■ About this task: Since pictures do not belong in the copy, please repeat every record below exactly without them.

◇ ◇ ◇ ◇ ◇

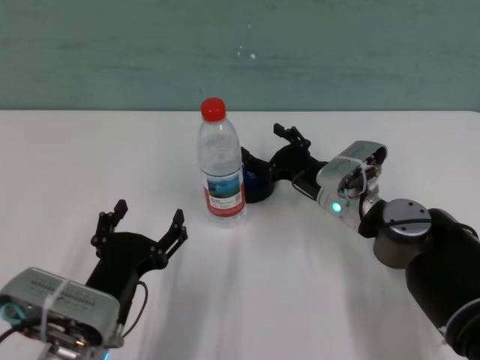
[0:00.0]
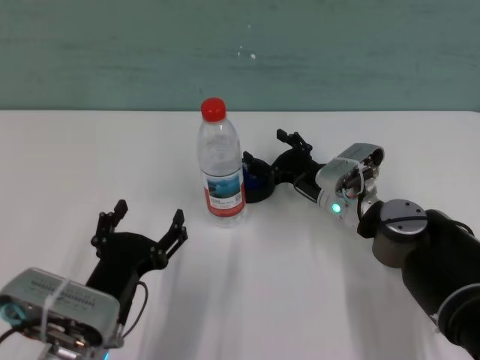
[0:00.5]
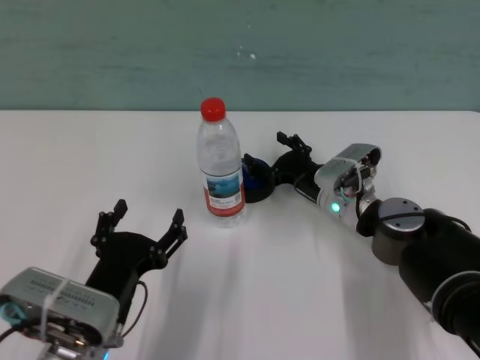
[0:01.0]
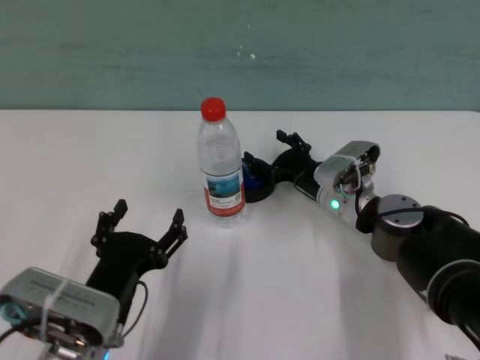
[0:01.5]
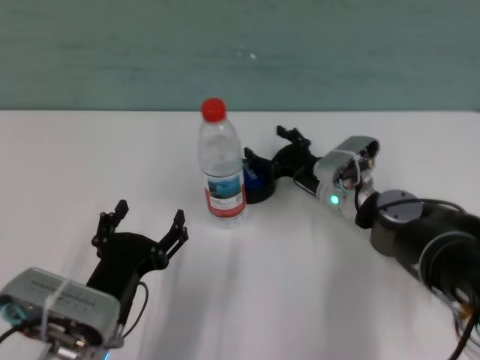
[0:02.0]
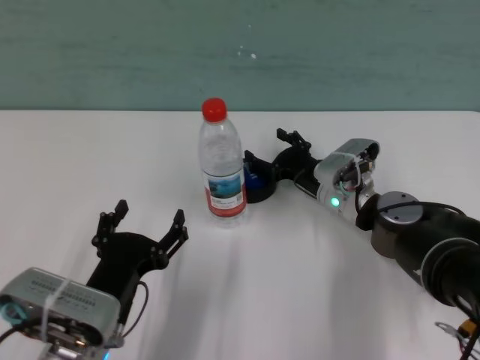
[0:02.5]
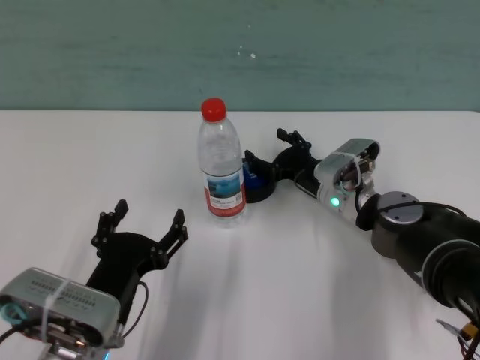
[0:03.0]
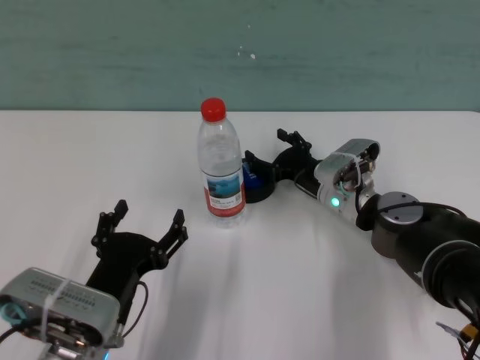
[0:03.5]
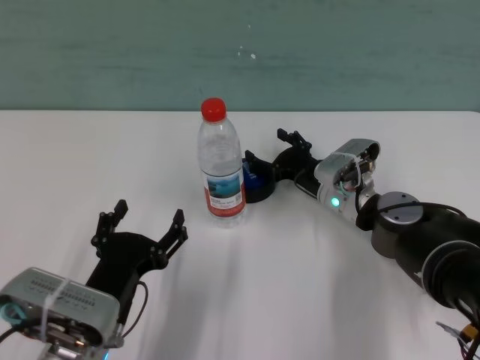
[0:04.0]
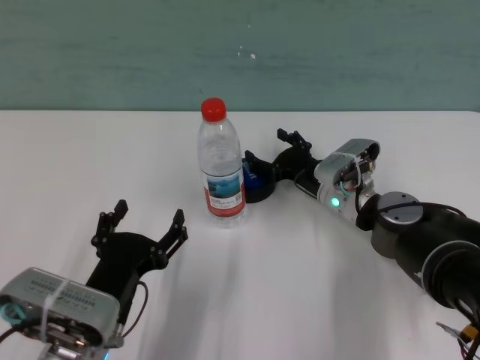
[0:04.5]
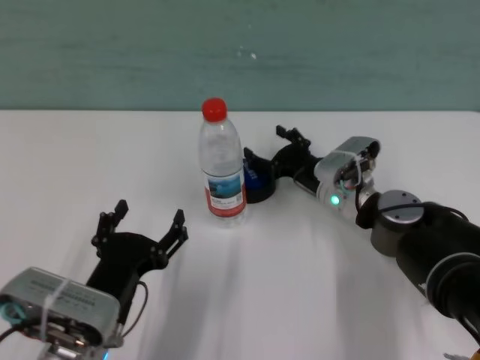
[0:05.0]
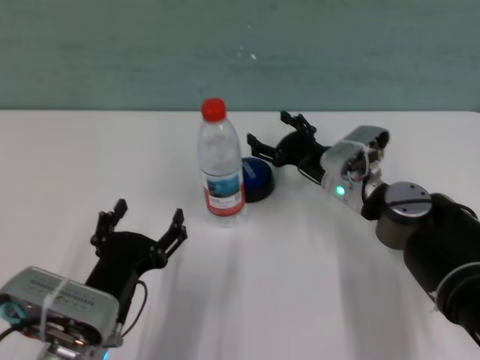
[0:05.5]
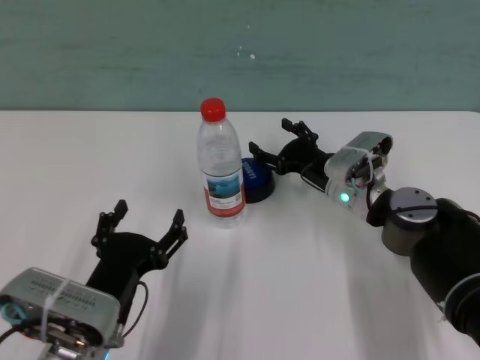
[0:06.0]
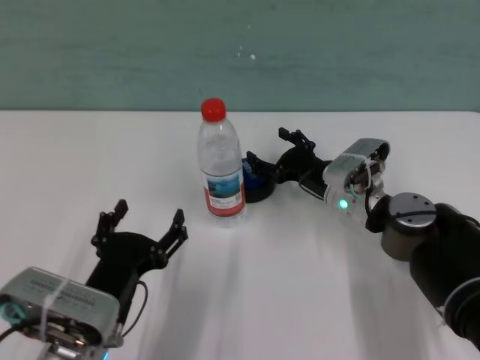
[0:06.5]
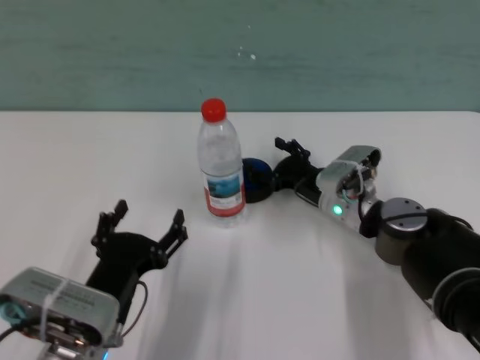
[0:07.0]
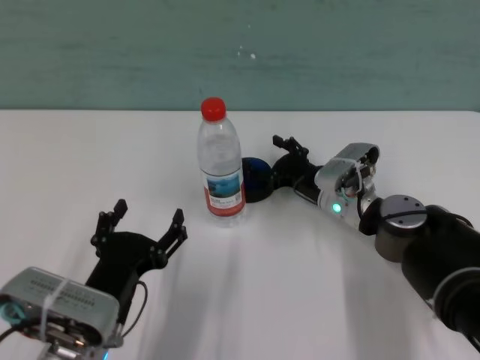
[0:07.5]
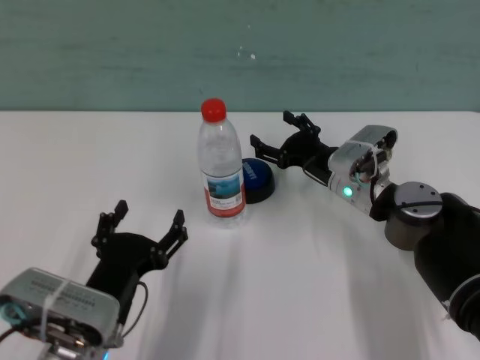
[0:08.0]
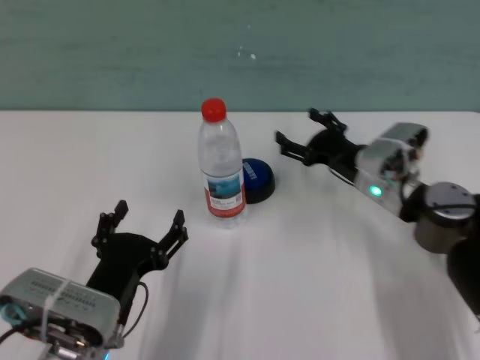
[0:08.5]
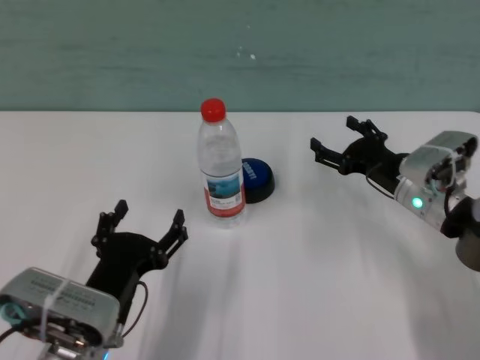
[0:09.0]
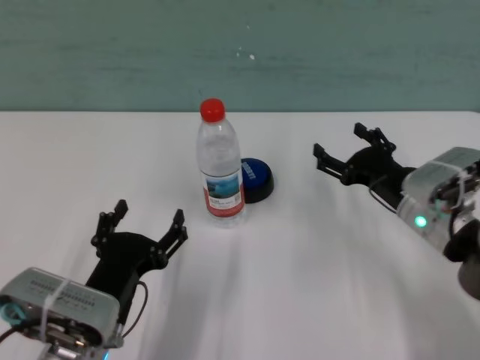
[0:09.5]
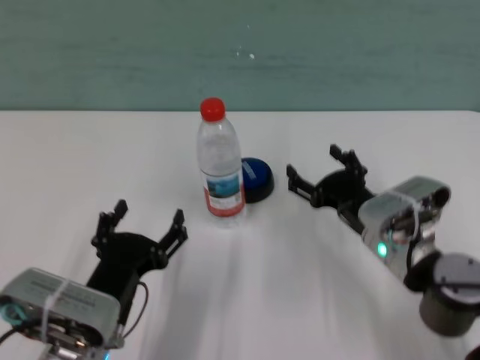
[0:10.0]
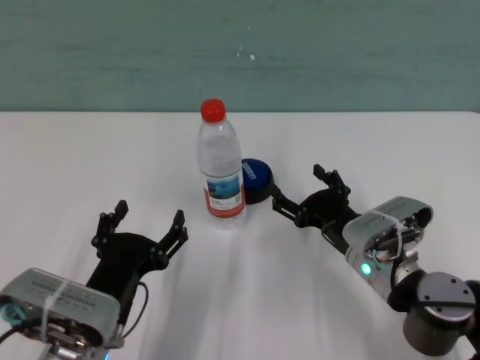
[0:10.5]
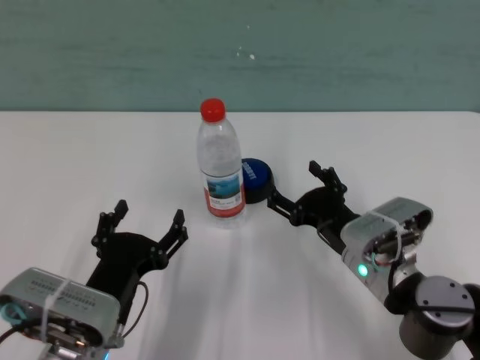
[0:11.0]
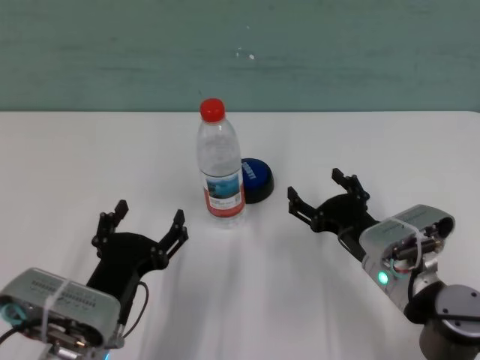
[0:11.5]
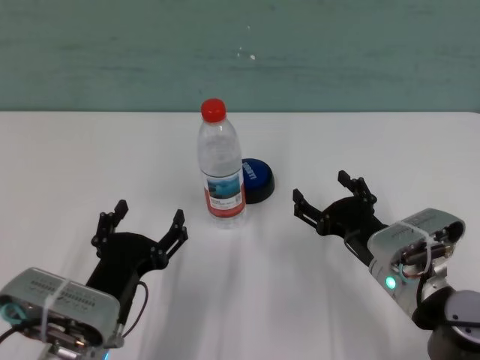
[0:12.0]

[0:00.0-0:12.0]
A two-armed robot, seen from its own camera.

◇ ◇ ◇ ◇ ◇

■ Task answer:
[0:00.0]
[0:00.5]
[0:01.0]
[0:01.5]
[0:02.0]
[0:02.5]
[0:03.0]
[0:03.5]
[0:04.0]
[0:04.5]
[0:05.0]
[0:05.5]
[0:06.0]
[0:06.5]
[0:07.0]
[0:07.5]
[0:08.0]
[0:08.5]
[0:09.0]
[0:09.5]
[0:10.0]
[0:10.5]
[0:11.0]
[0:11.5]
[0:12.0]

[0:00.0-0:12.0]
A two-armed robot, seen from its own camera.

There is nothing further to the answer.